Dataset content:

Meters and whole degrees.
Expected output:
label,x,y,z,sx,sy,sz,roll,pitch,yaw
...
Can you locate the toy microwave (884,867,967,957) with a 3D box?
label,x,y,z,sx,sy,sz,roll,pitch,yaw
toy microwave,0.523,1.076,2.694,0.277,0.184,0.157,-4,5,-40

---

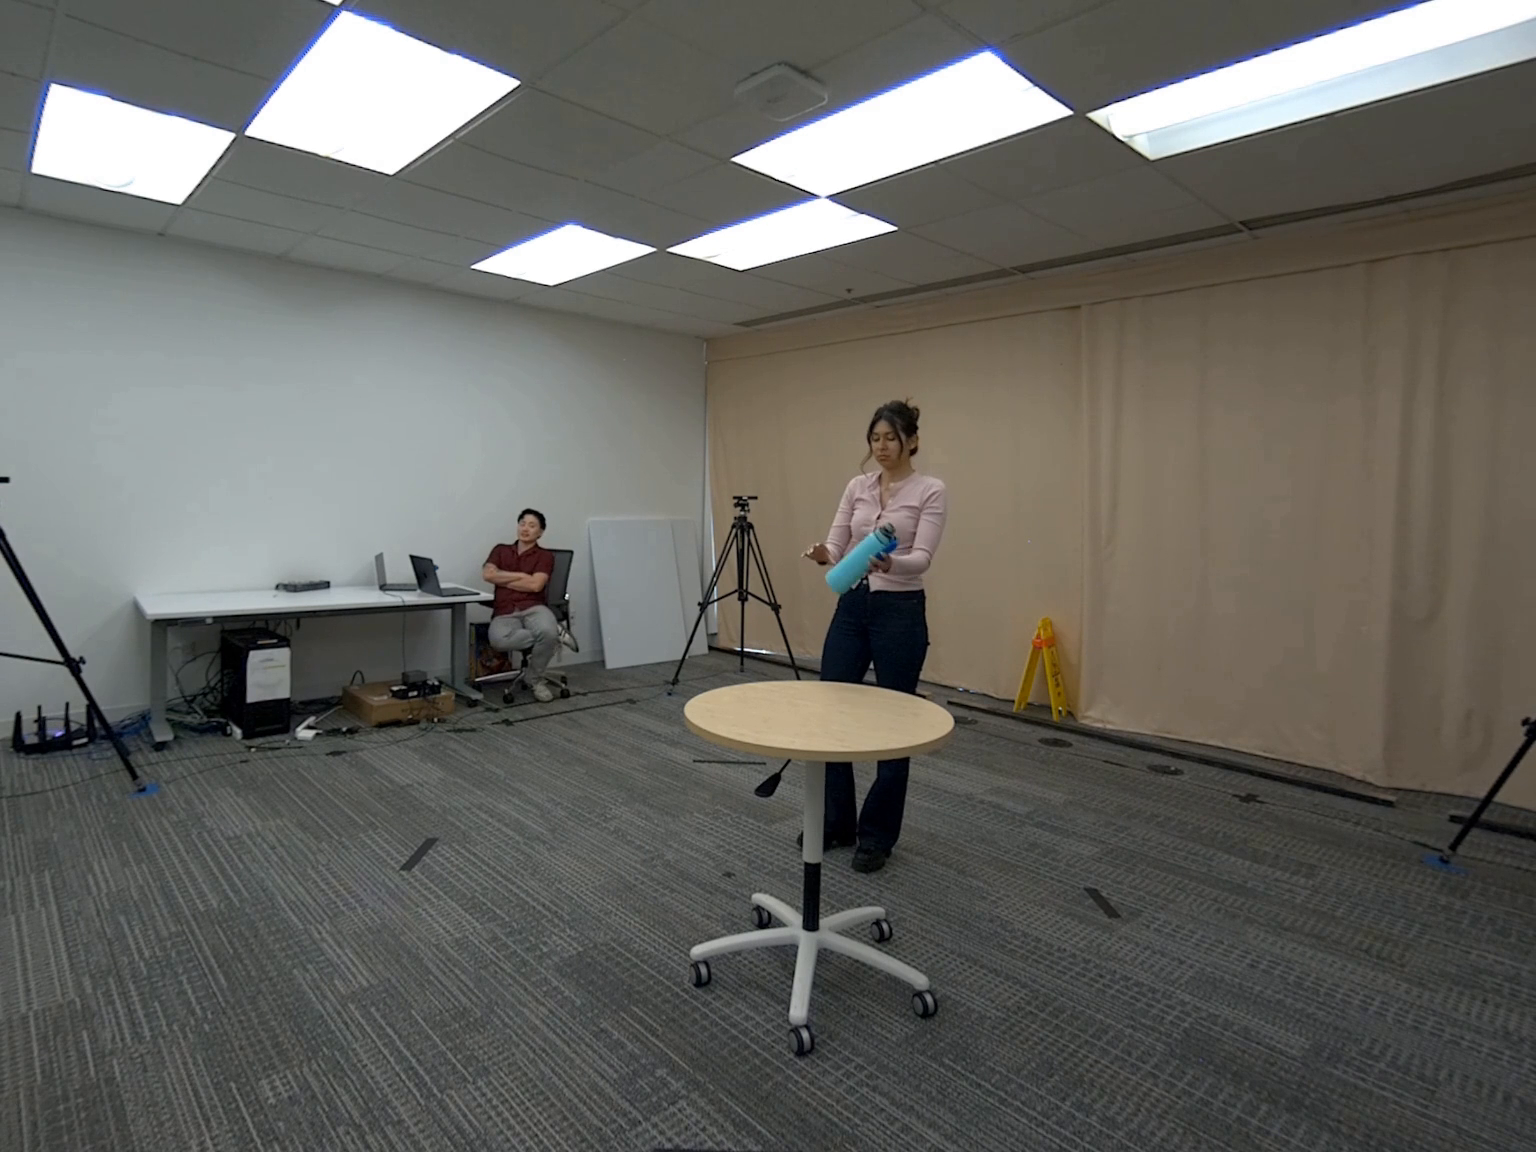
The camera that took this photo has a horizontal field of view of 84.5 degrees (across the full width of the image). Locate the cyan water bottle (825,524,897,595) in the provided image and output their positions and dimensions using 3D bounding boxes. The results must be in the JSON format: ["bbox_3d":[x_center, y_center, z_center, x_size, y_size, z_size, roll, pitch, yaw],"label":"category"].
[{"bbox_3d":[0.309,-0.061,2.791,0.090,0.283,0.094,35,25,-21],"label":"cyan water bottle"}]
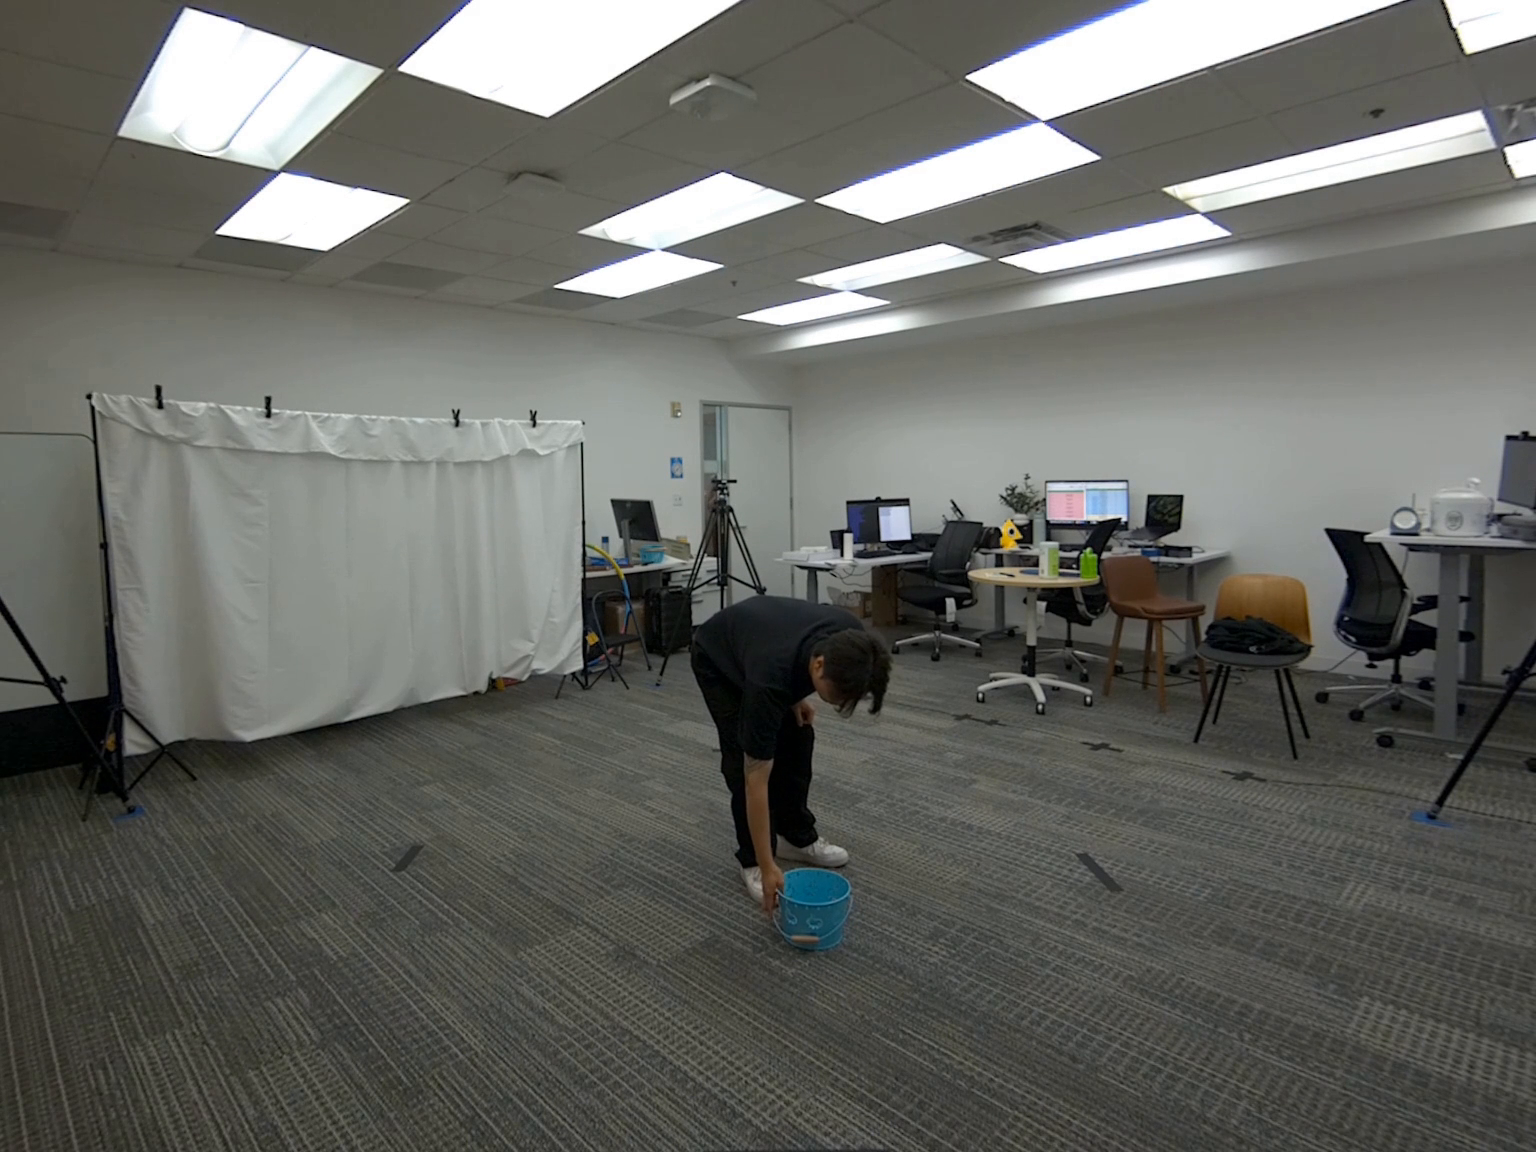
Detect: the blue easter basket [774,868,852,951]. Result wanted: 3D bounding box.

---

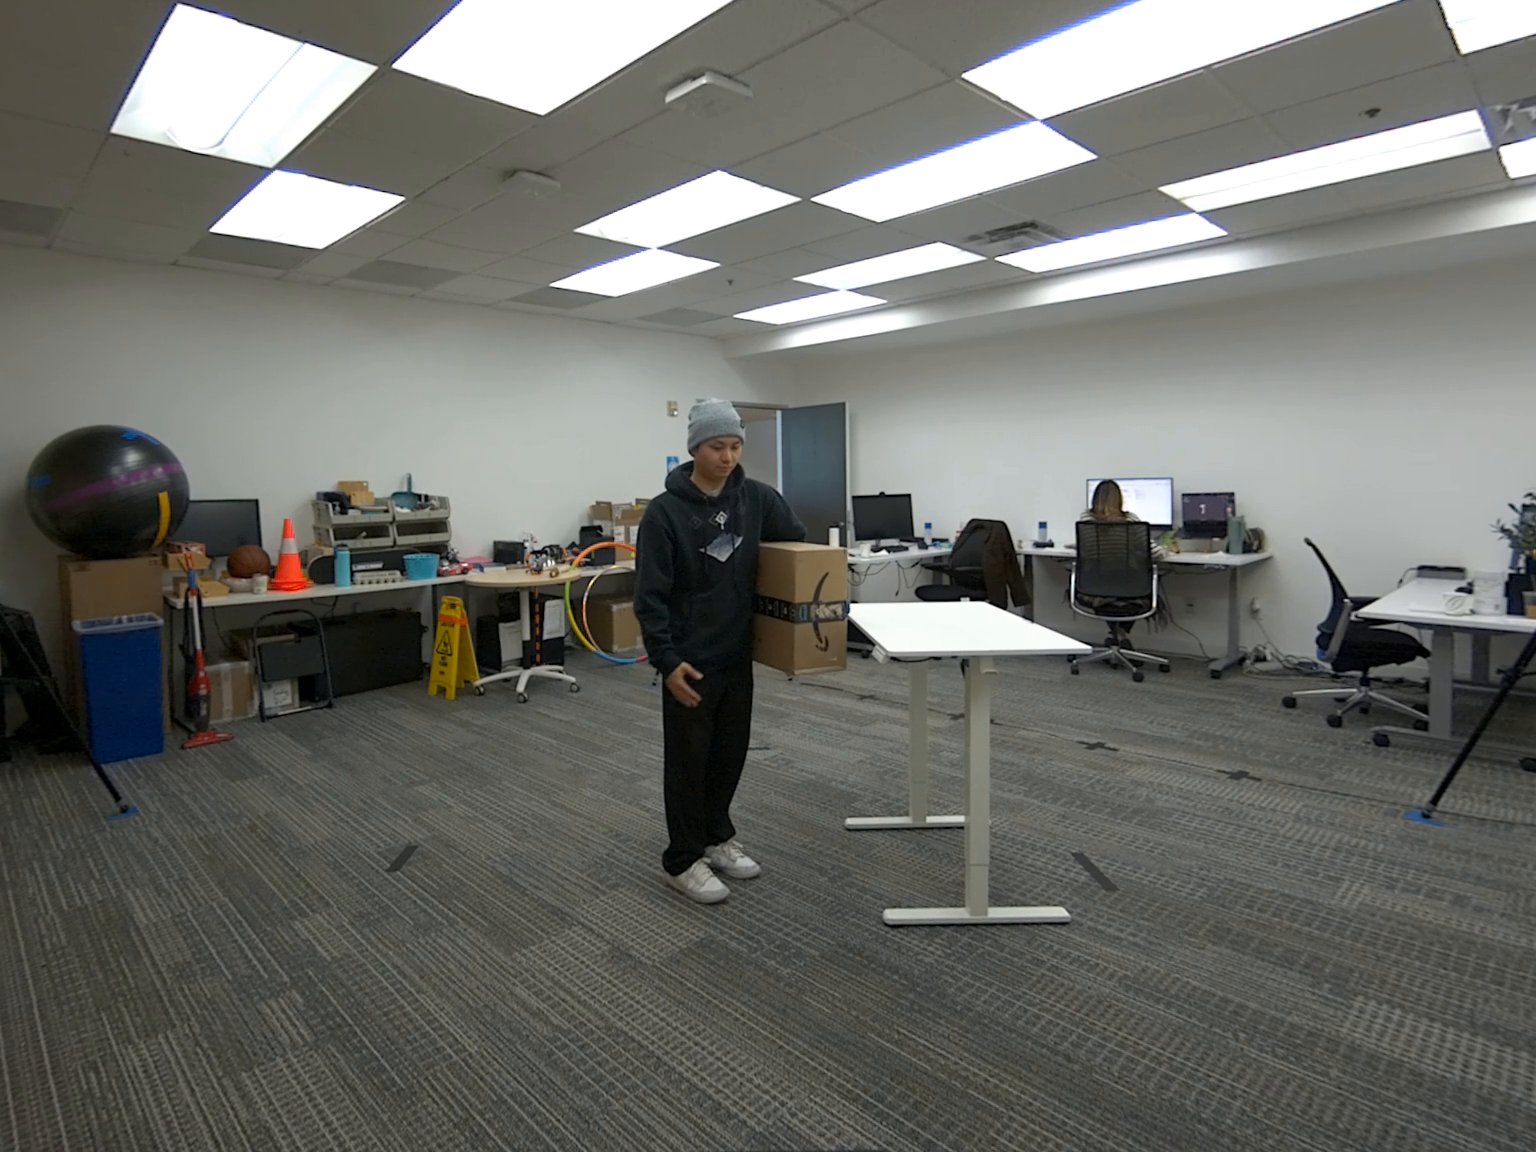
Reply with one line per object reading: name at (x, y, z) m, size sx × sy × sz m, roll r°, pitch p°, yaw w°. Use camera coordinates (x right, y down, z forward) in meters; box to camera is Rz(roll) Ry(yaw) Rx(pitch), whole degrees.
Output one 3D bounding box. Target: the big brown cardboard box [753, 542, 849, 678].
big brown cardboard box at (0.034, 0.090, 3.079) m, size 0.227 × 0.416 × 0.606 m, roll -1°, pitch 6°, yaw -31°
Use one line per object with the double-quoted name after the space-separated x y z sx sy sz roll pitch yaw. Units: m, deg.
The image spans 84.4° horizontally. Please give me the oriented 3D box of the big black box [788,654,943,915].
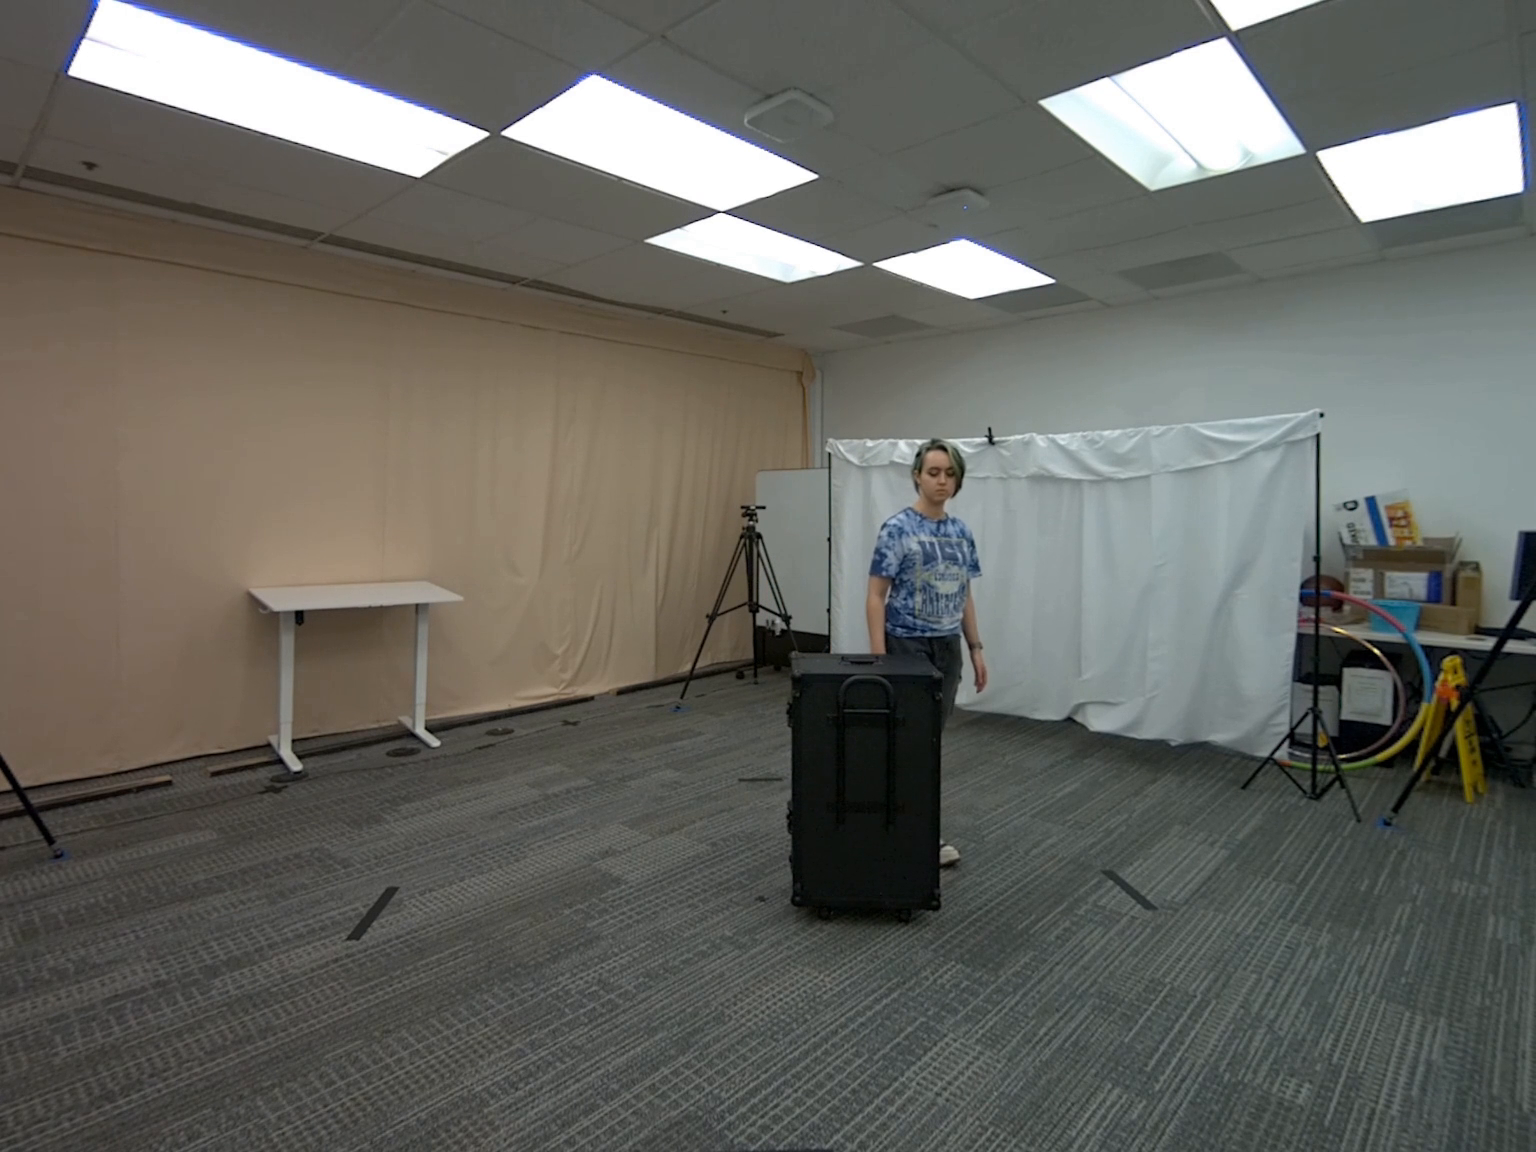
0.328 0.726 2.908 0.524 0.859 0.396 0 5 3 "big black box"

What to do: Your answer is the exact run of lines above from the one with "The camera that" through the one with "Detect: the blue", both ends included, minus any picture.

Task output:
The camera that took this photo has a horizontal field of view of 84.5 degrees (across the full width of the image). Locate the cyan water bottle (825,524,897,595) in the provided image and output their positions and dimensions using 3D bounding boxes. The results must be in the JSON format: ["bbox_3d":[x_center, y_center, z_center, x_size, y_size, z_size, roll, pitch, yaw],"label":"category"].
[{"bbox_3d":[0.309,-0.061,2.791,0.090,0.283,0.094,35,25,-21],"label":"cyan water bottle"}]
Detect: the blue easter basket [774,868,852,951]. Result wanted: 3D bounding box.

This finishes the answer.